Achieves 86.1% MMLU performance using a dense 72B architecture, matching or exceeding larger models through efficient training on 18 trillion tokens. Maintains broad knowledge across 57 MMLU tasks without task-specific fine-tuning.
Outperforms Llama 2 70B on MMLU (86.1% vs 82.9%) and approaches GPT-4's performance (86.4%) while remaining fully open-source and deployable locally, eliminating API costs and latency for knowledge-based applications.
multi-turn conversation management with context preservation
Medium confidenceMaintains coherent multi-turn conversations by preserving context across message exchanges and tracking conversation state. Implements attention mechanisms that weight recent messages more heavily while retaining information from earlier turns, enabling natural dialogue flow. Supports conversation histories up to 128K tokens, enabling extended conversations spanning hundreds of exchanges without context loss or reset.
Leverages 128K context window to maintain full conversation history without summarization or context windowing, enabling natural multi-turn dialogue without explicit state management.

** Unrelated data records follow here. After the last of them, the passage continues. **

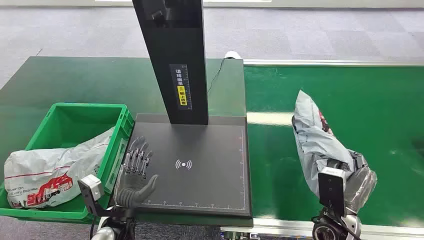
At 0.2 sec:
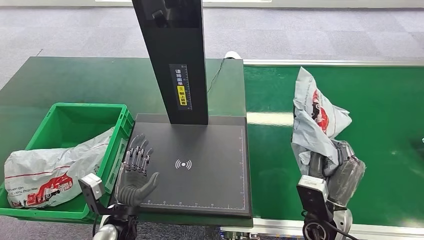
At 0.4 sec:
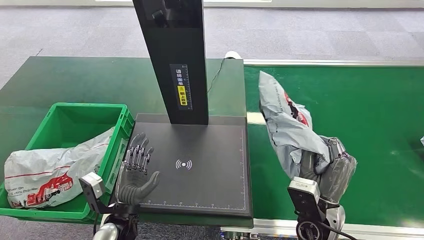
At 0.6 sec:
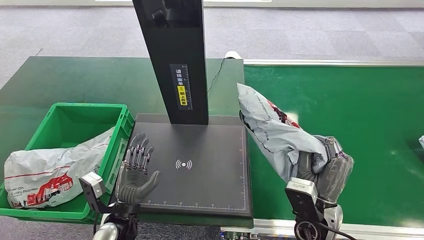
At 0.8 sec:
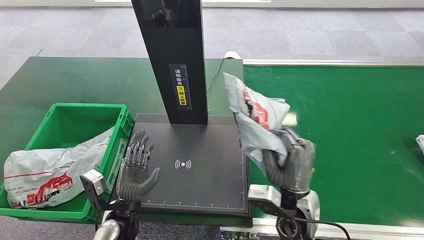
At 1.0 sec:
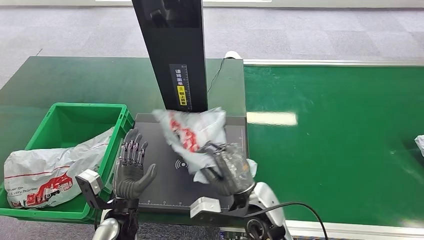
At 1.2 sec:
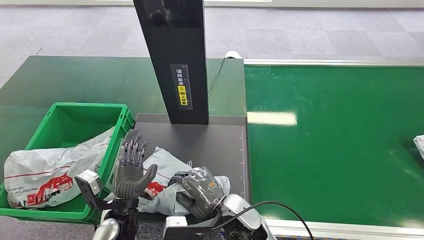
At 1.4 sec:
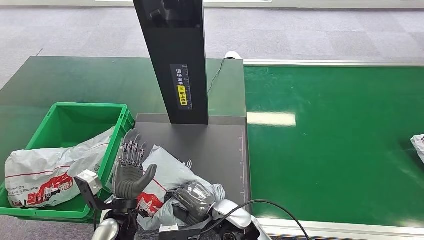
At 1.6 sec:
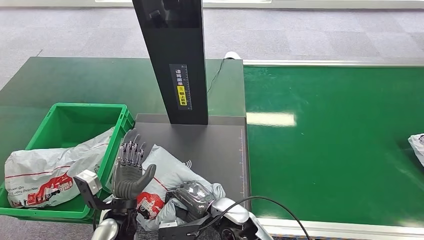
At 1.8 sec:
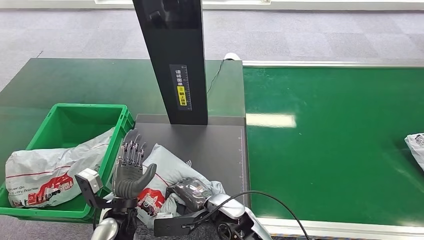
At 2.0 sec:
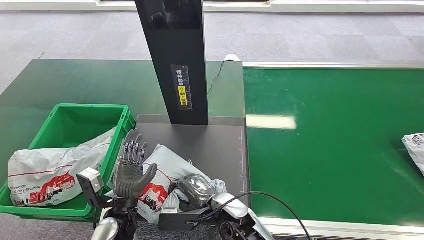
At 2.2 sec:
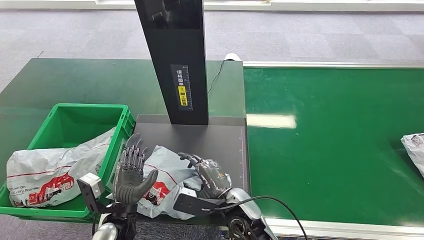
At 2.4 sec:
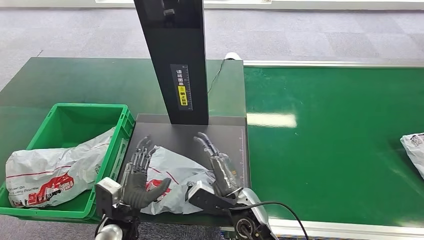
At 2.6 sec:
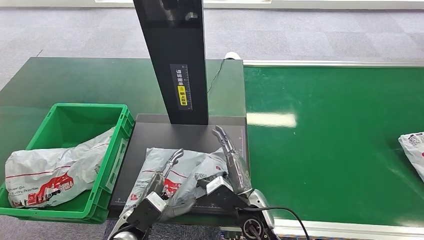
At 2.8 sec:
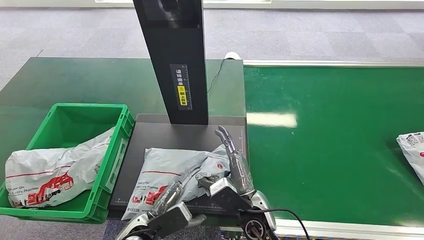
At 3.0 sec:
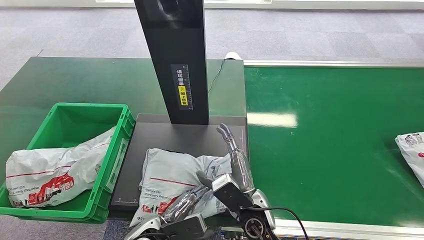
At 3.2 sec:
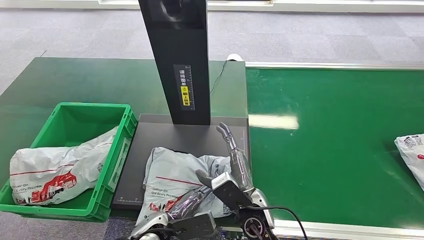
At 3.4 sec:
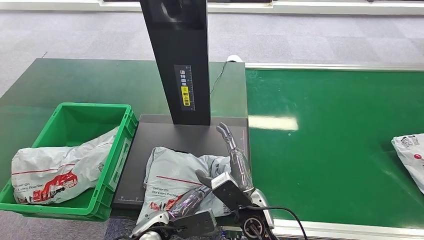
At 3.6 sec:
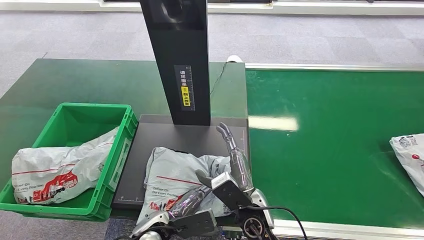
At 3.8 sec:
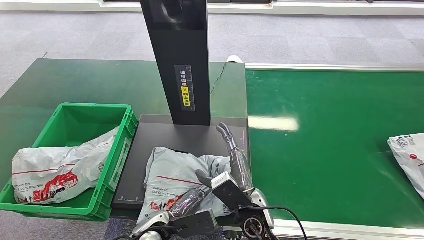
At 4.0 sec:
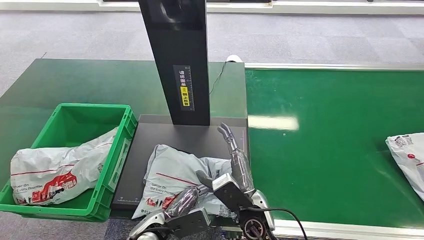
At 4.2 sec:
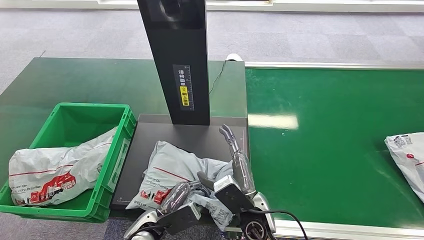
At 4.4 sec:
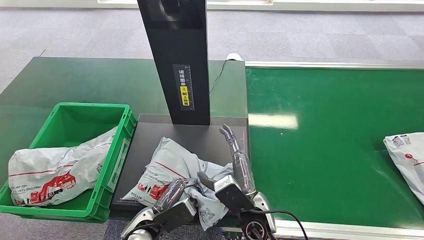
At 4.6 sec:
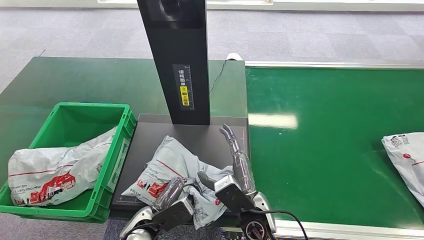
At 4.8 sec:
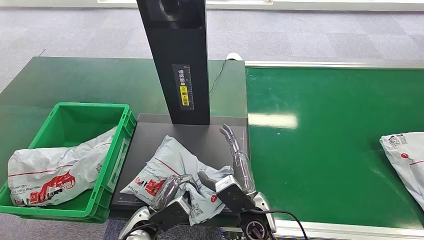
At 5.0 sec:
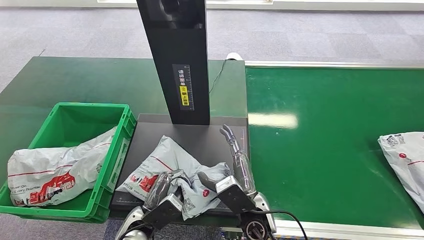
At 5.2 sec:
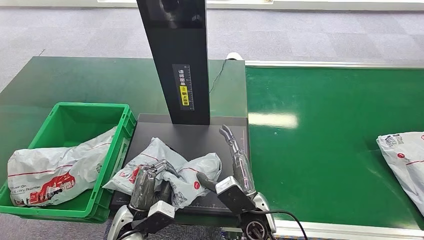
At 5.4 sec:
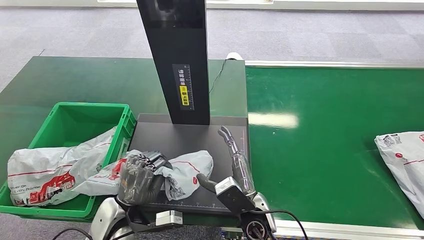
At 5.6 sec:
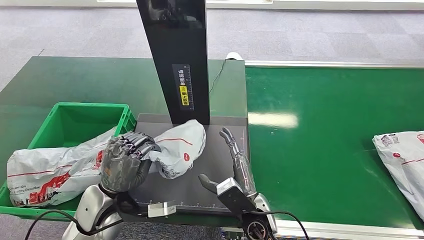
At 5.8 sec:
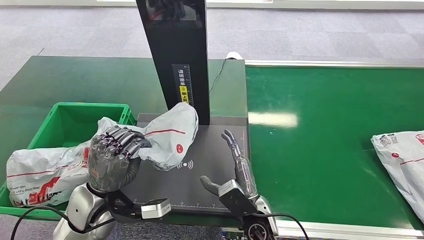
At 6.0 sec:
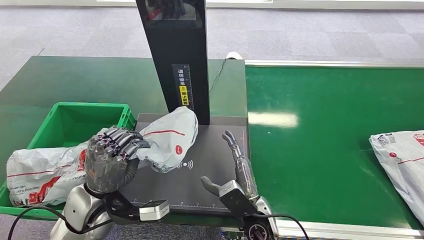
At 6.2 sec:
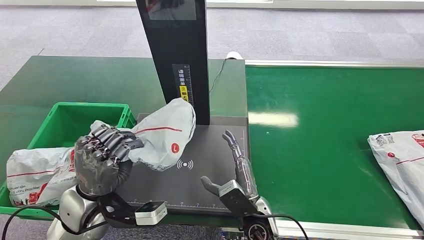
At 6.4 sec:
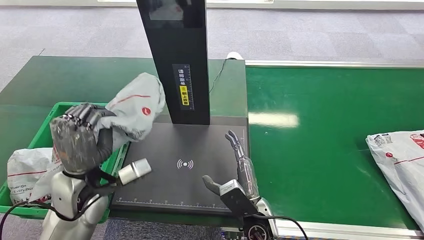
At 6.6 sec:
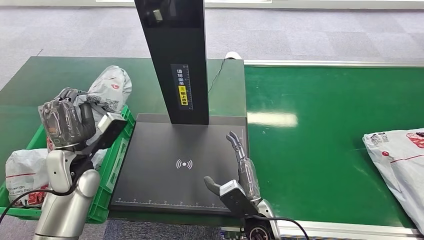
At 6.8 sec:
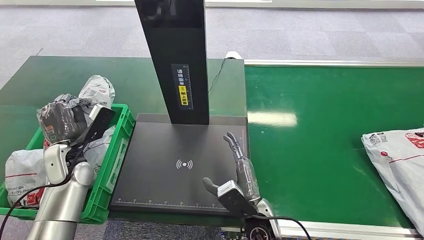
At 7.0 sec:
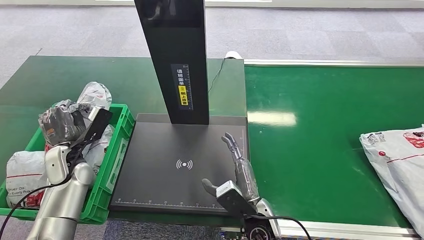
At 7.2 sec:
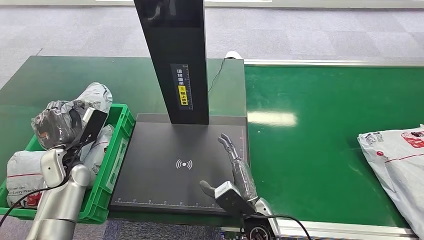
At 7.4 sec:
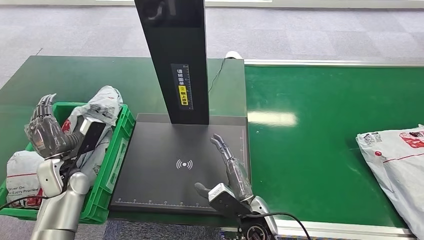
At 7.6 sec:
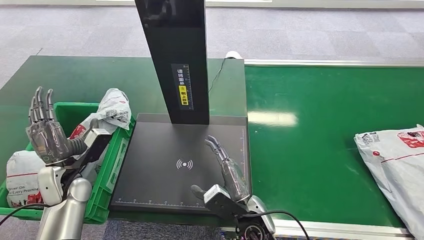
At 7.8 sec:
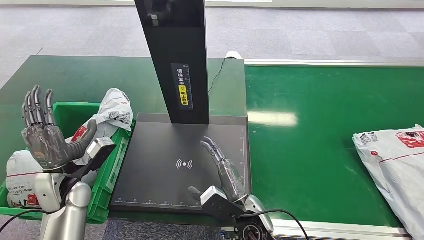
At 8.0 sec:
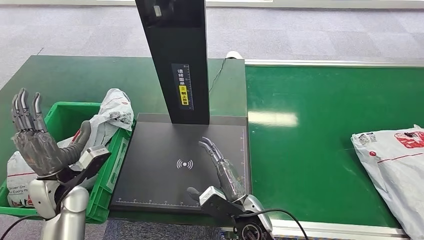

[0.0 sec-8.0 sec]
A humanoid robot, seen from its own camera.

Trained on diverse conversation patterns enabling adaptation to different dialogue styles.
Supports longer conversation histories than GPT-3.5 (128K vs 8K context) and maintains context quality comparable to Claude 3, while remaining fully open-source and deployable locally without conversation history sent to external APIs.
Capabilities are decomposed by AI analysis. Each maps to specific user intents and improves with match feedback.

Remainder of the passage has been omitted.